=== WHAT THE EXERCISE ASKS ===
Please give back, exactly as written, the lines from the line with "There is another" to the line with "Keep it short" in the listing below, leaving out all pictures.
::: INPUT MATERIAL :::
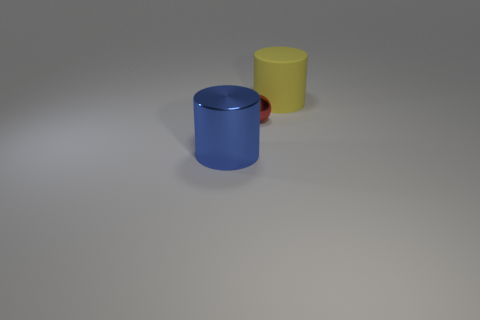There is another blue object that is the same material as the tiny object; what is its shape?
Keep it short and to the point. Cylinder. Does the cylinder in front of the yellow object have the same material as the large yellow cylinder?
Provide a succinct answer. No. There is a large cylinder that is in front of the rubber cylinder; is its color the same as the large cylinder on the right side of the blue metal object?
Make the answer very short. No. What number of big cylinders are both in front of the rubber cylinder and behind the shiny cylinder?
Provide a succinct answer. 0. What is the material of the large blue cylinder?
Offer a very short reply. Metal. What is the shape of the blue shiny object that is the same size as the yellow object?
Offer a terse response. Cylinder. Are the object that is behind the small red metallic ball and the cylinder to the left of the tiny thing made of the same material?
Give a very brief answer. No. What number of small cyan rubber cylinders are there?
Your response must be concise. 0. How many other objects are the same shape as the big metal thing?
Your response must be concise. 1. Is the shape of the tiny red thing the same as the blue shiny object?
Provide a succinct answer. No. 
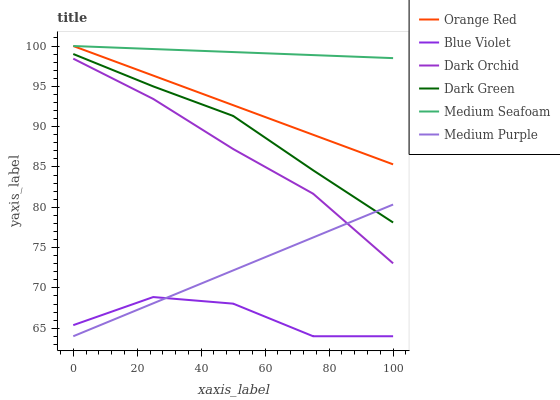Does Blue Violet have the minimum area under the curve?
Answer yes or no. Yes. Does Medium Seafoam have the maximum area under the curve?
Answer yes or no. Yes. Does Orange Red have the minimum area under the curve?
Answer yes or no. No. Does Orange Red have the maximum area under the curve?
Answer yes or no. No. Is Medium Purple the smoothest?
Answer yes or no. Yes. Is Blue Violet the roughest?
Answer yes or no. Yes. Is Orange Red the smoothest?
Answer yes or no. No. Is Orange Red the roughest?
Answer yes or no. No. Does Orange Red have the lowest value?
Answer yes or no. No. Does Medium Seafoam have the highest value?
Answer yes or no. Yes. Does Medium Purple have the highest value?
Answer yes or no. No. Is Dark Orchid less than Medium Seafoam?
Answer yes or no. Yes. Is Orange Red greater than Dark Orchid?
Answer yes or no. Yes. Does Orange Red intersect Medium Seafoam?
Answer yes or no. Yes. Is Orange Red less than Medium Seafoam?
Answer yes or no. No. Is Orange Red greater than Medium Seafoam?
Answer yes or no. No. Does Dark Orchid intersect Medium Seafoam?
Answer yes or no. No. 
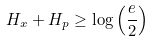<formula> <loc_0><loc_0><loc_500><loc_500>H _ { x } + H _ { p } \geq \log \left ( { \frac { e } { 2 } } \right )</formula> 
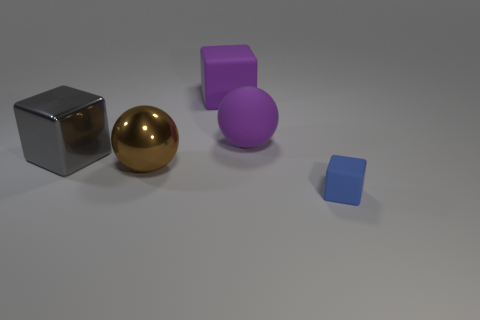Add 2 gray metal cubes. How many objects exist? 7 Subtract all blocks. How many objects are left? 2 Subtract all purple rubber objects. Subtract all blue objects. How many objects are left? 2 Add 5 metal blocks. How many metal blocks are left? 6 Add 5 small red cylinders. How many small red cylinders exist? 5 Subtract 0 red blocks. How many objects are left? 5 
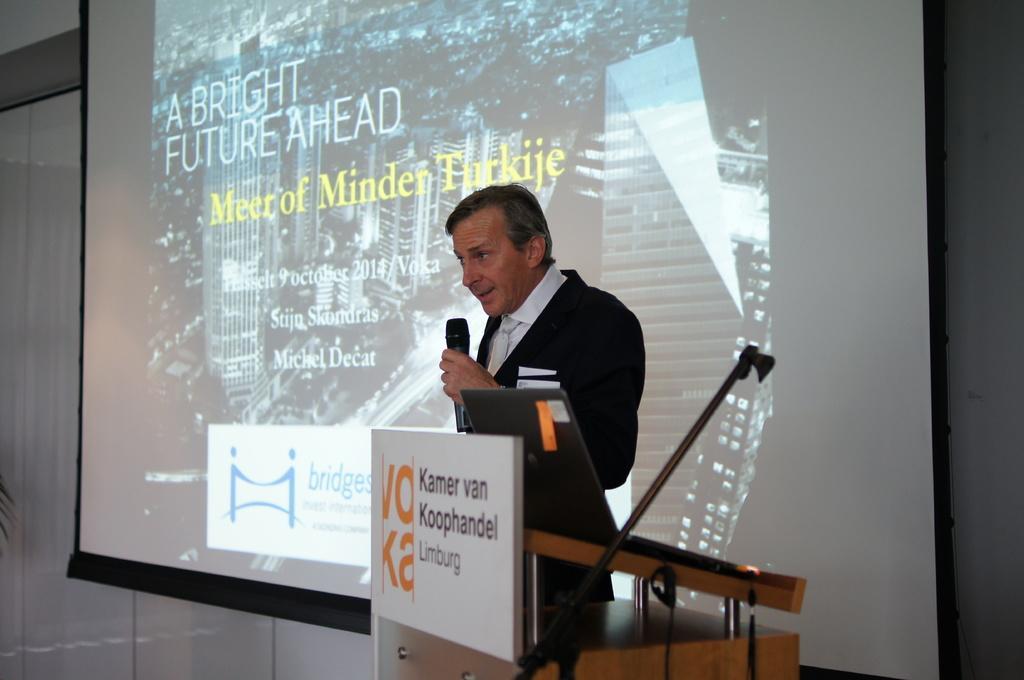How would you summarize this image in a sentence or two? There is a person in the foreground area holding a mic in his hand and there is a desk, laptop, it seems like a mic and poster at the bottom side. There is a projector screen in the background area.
:::
::: INPUT MATERIAL :::
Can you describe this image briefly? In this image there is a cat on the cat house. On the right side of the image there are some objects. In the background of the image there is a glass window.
:::
::: INPUT MATERIAL :::
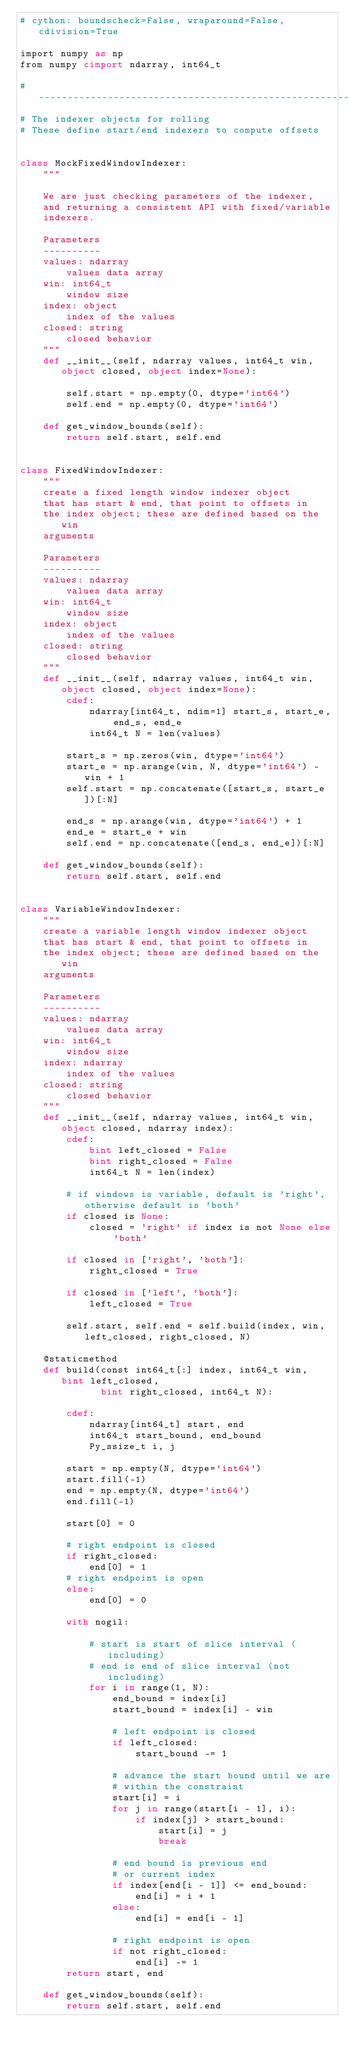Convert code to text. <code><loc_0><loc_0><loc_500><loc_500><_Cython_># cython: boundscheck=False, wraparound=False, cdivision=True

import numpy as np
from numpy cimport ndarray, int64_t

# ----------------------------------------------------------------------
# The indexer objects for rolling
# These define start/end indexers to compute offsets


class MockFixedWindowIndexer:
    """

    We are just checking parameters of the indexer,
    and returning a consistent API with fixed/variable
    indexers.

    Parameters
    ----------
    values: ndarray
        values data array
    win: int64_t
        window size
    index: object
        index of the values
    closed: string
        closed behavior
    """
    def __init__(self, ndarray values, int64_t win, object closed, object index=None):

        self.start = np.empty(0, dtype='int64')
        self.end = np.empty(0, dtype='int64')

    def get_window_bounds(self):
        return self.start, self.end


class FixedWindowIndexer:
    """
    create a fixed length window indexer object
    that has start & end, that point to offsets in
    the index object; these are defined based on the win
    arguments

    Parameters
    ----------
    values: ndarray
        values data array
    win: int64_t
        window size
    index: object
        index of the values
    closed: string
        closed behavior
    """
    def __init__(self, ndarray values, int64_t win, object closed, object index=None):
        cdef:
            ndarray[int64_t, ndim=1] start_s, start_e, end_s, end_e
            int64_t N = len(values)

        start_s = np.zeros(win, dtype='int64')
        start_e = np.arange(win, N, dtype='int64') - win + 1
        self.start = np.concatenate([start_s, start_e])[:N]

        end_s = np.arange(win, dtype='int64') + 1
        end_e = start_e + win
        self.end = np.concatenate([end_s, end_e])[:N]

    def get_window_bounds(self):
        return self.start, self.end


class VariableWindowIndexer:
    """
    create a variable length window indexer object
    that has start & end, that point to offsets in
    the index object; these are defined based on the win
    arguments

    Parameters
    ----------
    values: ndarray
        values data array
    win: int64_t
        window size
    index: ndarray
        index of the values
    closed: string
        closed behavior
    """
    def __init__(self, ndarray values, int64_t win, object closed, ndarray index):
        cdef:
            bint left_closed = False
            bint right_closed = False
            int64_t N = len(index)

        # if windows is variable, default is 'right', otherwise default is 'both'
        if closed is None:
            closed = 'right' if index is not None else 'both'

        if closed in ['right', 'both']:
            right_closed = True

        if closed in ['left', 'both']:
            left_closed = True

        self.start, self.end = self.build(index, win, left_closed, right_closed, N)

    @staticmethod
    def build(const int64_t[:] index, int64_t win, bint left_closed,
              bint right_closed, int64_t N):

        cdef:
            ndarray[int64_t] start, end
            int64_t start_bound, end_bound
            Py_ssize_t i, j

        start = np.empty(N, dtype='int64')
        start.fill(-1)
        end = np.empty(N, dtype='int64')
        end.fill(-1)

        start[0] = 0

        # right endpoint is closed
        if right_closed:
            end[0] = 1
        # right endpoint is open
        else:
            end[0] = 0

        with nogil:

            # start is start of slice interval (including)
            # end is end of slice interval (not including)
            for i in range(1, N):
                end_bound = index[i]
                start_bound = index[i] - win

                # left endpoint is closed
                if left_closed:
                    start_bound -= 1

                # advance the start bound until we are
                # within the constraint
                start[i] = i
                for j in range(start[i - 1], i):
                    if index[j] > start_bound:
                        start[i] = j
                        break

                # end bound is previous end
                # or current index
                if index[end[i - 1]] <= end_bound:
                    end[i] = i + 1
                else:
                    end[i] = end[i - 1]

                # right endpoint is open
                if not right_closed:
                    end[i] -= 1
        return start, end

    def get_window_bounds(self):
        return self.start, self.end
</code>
:::
=== OUTPUT BELOW ===
There is another blue object that is the same material as the tiny object; what is its shape?
Keep it short and to the point. Cylinder. Does the cylinder in front of the yellow object have the same material as the large yellow cylinder?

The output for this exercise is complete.